TRY IT>
Your task is to copy the stretch of lines in the records below that begins with the line containing "table_cell L+E [517, 460, 617, 551]" and ends with the line containing "table_cell ListSource [119, 716, 306, 806]", exactly as written, with nothing added.

EXTRACTED DATA>
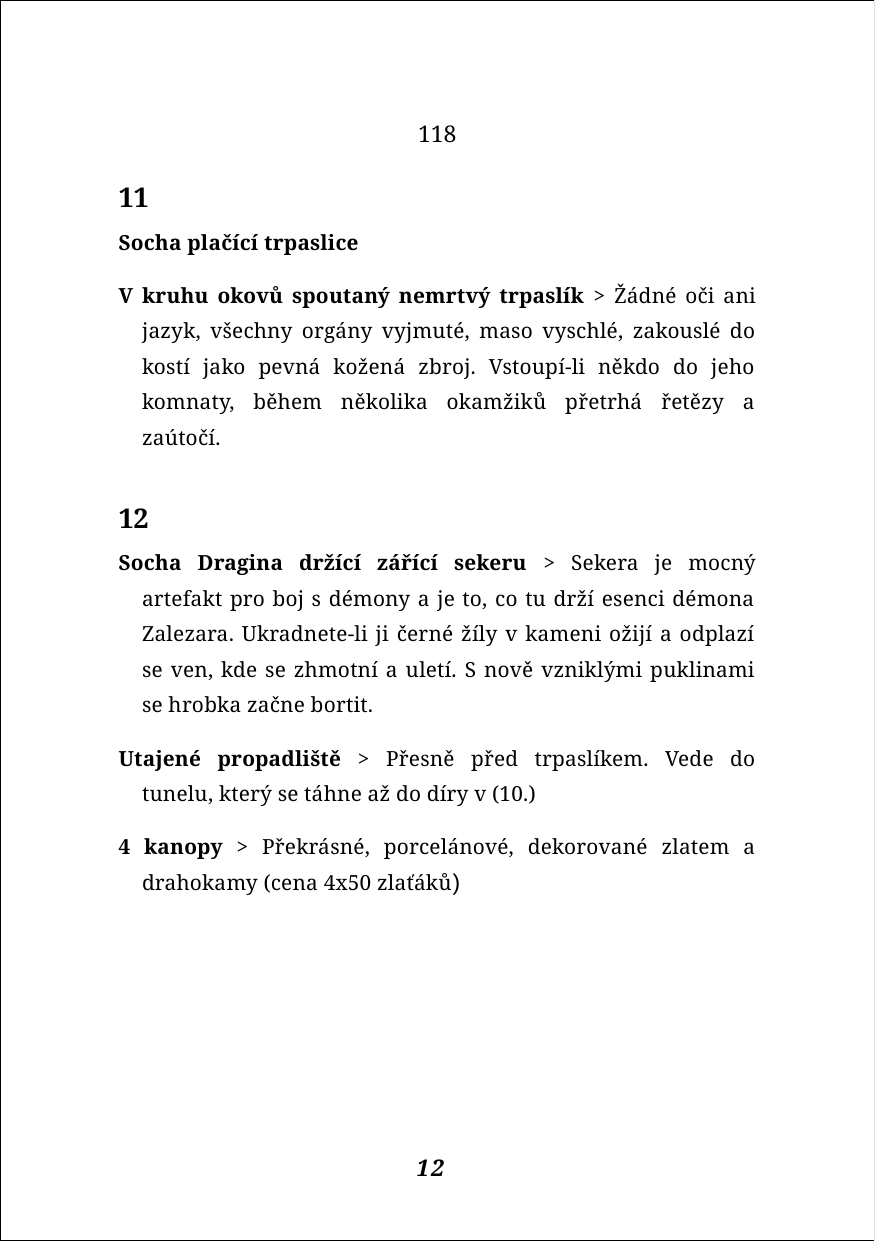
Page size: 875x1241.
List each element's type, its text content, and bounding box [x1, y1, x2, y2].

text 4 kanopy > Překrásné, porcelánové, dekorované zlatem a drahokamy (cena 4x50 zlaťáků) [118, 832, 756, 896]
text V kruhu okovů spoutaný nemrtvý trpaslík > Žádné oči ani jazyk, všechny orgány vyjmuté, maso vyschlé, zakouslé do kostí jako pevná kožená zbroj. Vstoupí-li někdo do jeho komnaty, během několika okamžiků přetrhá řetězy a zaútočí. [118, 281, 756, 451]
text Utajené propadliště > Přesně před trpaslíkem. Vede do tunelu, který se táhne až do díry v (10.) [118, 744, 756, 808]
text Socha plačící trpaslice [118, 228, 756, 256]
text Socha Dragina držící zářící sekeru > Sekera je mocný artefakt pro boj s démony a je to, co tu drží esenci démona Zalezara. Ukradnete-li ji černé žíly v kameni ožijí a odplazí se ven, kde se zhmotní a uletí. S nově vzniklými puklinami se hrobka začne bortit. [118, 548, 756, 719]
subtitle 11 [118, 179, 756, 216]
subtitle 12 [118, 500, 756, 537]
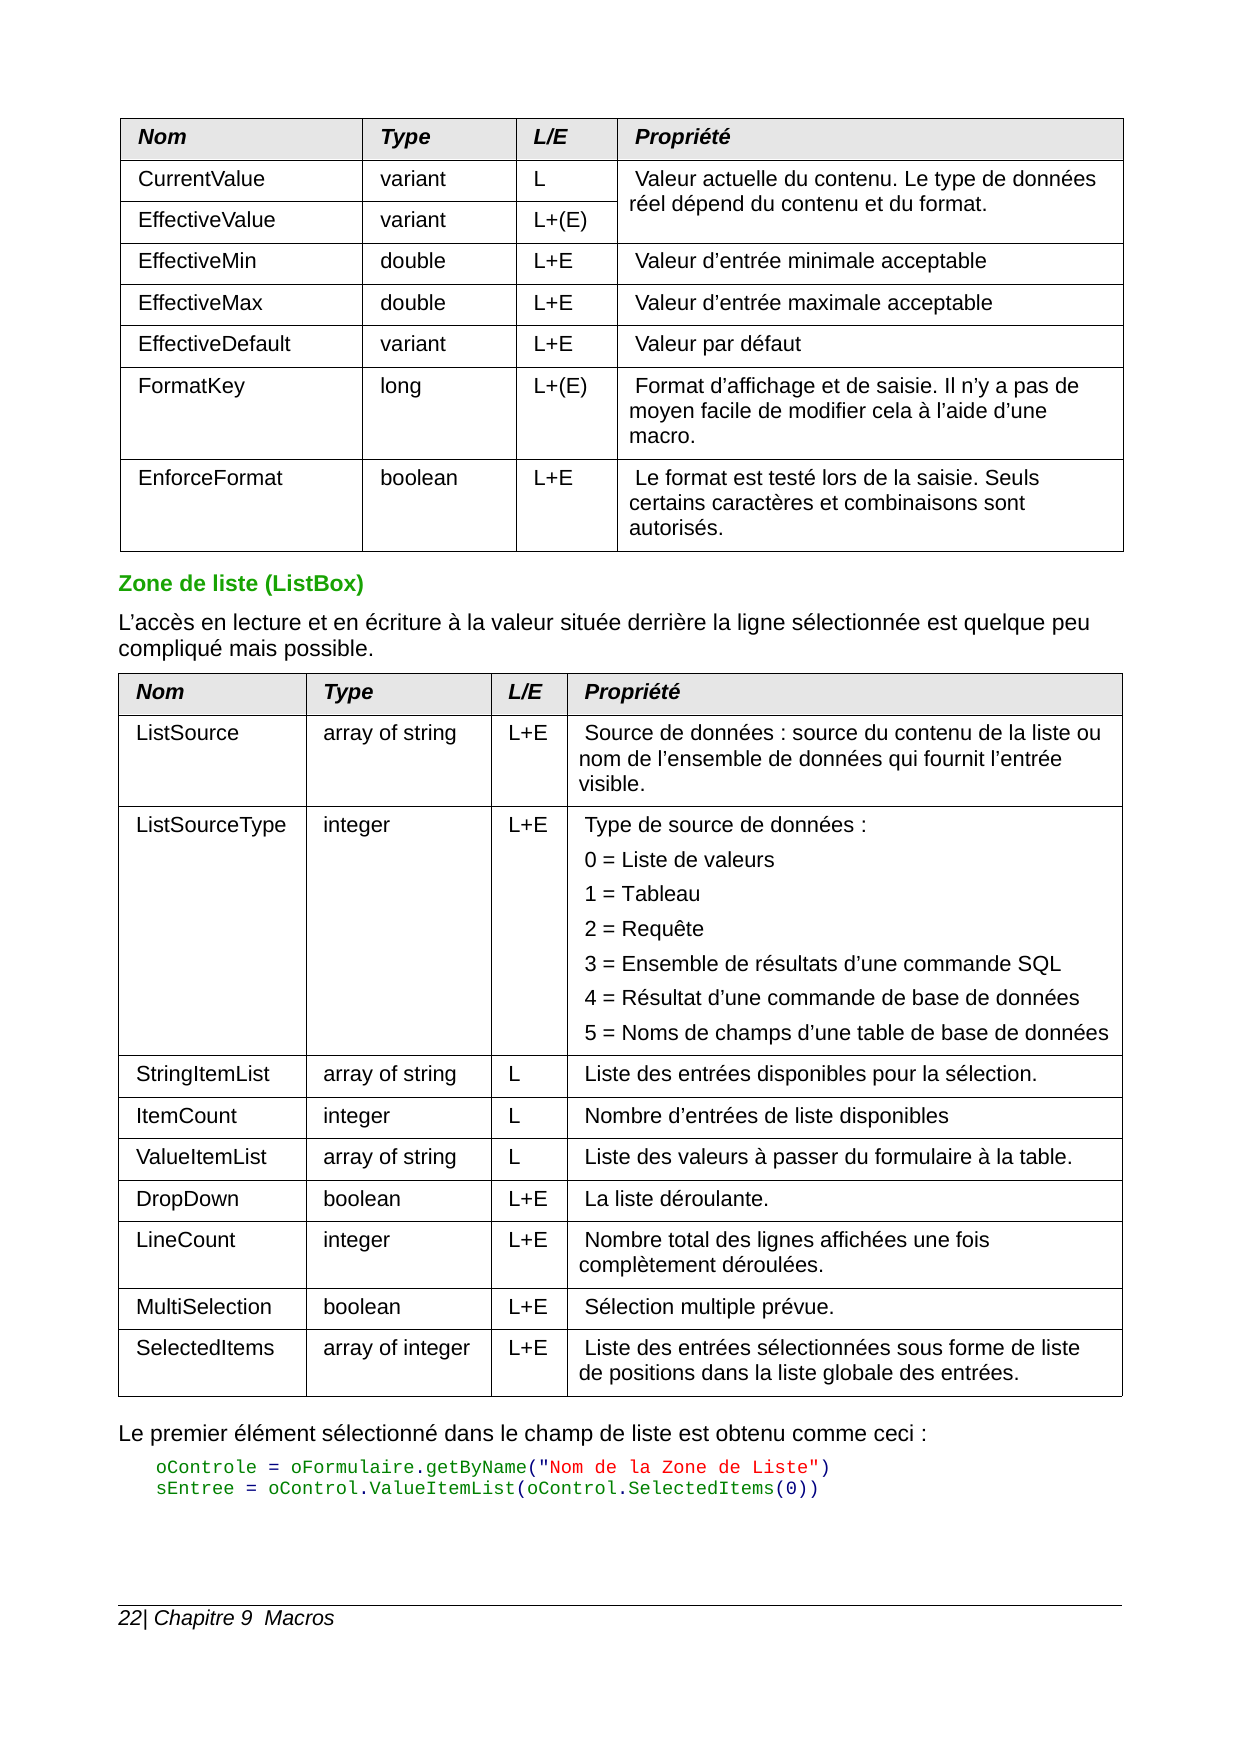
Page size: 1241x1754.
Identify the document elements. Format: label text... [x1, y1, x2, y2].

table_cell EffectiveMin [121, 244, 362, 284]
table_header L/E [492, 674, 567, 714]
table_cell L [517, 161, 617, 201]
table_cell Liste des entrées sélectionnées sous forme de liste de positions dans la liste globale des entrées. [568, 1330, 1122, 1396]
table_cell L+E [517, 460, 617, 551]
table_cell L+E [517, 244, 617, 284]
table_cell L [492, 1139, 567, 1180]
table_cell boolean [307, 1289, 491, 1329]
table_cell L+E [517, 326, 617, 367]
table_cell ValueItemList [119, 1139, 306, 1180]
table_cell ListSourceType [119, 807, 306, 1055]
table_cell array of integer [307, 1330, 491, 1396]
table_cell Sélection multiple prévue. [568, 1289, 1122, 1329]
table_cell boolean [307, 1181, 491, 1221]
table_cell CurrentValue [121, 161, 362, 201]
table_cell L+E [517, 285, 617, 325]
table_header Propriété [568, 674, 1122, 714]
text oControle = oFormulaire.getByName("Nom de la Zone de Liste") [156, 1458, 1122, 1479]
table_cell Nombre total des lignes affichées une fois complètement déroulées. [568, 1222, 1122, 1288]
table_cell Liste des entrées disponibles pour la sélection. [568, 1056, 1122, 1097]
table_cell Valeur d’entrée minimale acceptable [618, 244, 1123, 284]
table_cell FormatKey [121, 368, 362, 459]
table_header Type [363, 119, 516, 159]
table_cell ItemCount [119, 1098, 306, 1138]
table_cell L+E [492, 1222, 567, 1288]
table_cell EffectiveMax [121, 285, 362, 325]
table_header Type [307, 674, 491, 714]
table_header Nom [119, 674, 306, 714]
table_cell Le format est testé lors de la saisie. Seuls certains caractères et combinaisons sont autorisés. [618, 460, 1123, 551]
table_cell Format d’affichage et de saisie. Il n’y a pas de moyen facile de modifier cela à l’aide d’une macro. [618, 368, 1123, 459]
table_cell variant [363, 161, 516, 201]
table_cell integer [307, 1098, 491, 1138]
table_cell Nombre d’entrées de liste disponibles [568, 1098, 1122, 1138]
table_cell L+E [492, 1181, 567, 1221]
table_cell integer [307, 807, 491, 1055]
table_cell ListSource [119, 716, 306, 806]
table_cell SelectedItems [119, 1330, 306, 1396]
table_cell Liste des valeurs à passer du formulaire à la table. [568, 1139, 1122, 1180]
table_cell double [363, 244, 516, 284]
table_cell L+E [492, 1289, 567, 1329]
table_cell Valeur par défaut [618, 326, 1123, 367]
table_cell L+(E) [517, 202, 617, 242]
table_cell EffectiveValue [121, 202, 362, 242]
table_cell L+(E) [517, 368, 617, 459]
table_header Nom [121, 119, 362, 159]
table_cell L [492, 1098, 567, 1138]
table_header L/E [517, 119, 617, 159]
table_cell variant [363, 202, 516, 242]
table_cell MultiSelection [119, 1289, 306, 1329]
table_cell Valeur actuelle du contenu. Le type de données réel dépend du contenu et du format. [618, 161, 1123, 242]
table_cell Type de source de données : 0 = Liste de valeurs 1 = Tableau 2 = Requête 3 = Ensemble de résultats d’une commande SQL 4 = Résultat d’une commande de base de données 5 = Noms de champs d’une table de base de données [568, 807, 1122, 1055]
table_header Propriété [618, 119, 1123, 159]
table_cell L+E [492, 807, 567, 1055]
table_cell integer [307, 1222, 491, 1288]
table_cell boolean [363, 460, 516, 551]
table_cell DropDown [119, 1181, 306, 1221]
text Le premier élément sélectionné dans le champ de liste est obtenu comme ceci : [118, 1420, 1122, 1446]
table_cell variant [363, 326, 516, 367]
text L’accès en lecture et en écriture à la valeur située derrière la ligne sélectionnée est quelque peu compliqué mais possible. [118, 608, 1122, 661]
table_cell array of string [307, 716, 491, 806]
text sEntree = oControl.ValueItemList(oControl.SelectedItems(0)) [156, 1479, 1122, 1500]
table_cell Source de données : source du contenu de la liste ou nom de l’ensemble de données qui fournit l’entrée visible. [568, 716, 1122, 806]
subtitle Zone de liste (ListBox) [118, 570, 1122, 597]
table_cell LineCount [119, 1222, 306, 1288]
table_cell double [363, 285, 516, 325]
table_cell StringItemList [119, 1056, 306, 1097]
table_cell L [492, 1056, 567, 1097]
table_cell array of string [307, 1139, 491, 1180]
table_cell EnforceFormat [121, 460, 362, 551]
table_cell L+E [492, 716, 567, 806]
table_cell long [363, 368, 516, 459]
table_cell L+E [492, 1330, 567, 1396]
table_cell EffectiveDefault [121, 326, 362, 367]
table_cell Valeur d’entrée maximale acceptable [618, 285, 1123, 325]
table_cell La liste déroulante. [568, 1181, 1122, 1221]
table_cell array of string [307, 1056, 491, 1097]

ANSWER FOR THIS EXERCISE>
table_cell L+E [517, 460, 617, 551]
table_cell L+E [517, 244, 617, 284]
table_cell L [492, 1139, 567, 1180]
table_cell boolean [307, 1289, 491, 1329]
table_cell L+E [517, 326, 617, 367]
table_cell ValueItemList [119, 1139, 306, 1180]
table_cell ListSourceType [119, 807, 306, 1055]
table_cell array of integer [307, 1330, 491, 1396]
table_cell Sélection multiple prévue. [568, 1289, 1122, 1329]
table_cell boolean [307, 1181, 491, 1221]
table_cell CurrentValue [121, 161, 362, 201]
table_cell L+E [517, 285, 617, 325]
table_header Propriété [568, 674, 1122, 714]
text oControle = oFormulaire.getByName("Nom de la Zone de Liste") [156, 1458, 1122, 1479]
table_cell Nombre total des lignes affichées une fois complètement déroulées. [568, 1222, 1122, 1288]
table_cell Liste des entrées disponibles pour la sélection. [568, 1056, 1122, 1097]
table_cell Valeur d’entrée minimale acceptable [618, 244, 1123, 284]
table_cell FormatKey [121, 368, 362, 459]
table_header Type [363, 119, 516, 159]
table_cell ItemCount [119, 1098, 306, 1138]
table_cell L+E [492, 1222, 567, 1288]
table_cell EffectiveMax [121, 285, 362, 325]
table_header Type [307, 674, 491, 714]
table_header Nom [119, 674, 306, 714]
table_cell Le format est testé lors de la saisie. Seuls certains caractères et combinaisons sont autorisés. [618, 460, 1123, 551]
table_cell Format d’affichage et de saisie. Il n’y a pas de moyen facile de modifier cela à l’aide d’une macro. [618, 368, 1123, 459]
table_cell variant [363, 161, 516, 201]
table_cell integer [307, 1098, 491, 1138]
table_cell Nombre d’entrées de liste disponibles [568, 1098, 1122, 1138]
table_cell L+E [492, 1181, 567, 1221]
table_cell integer [307, 807, 491, 1055]
table_cell ListSource [119, 716, 306, 806]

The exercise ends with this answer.